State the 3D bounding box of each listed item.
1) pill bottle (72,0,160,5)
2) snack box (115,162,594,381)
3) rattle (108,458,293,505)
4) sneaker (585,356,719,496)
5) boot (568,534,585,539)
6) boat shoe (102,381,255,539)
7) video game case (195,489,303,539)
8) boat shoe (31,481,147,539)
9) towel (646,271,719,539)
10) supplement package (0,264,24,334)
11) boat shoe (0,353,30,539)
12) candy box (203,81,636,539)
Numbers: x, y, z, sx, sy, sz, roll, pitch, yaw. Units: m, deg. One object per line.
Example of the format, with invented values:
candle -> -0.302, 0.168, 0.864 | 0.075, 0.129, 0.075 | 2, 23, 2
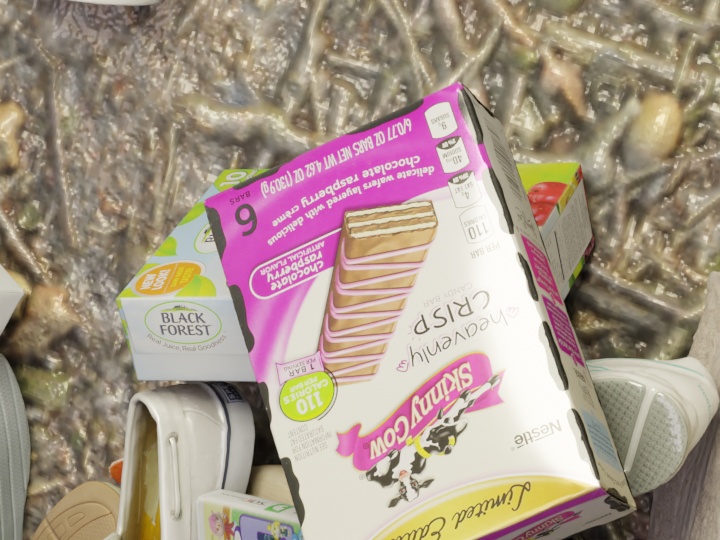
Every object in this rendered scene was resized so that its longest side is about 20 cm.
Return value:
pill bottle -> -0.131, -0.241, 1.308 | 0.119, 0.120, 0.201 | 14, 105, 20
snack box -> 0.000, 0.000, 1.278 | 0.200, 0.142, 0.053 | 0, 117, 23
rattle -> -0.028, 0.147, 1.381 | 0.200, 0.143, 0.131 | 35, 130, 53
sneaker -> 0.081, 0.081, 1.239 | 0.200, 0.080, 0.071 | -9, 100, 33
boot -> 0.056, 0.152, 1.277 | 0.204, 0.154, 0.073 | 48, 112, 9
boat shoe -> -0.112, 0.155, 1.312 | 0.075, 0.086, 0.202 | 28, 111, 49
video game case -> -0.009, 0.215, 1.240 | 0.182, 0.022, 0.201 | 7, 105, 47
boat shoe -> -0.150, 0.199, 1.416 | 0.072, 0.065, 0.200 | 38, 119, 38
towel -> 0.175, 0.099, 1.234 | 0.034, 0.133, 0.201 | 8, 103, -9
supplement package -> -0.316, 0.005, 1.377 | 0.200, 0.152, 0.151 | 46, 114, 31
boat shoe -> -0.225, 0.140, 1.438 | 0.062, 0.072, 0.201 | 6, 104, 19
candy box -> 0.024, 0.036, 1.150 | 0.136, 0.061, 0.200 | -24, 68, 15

...

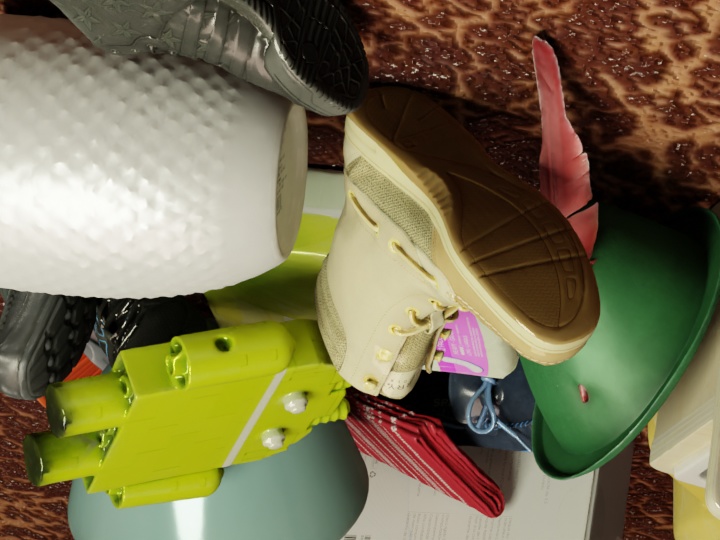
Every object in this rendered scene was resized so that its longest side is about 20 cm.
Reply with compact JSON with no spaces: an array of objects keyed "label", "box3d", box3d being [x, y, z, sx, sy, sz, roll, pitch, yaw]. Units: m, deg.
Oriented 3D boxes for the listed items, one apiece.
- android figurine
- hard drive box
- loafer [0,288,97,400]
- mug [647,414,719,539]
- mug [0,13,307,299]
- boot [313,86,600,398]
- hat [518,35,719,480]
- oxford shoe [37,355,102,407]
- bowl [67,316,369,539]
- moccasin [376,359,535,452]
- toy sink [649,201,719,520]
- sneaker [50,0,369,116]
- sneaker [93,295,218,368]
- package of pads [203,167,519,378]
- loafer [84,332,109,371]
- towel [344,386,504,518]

REQUIREMENT: Search the listing above for lines with the word "pitch", and state how many there are, nothing else.

RESPONSE BELOW: 2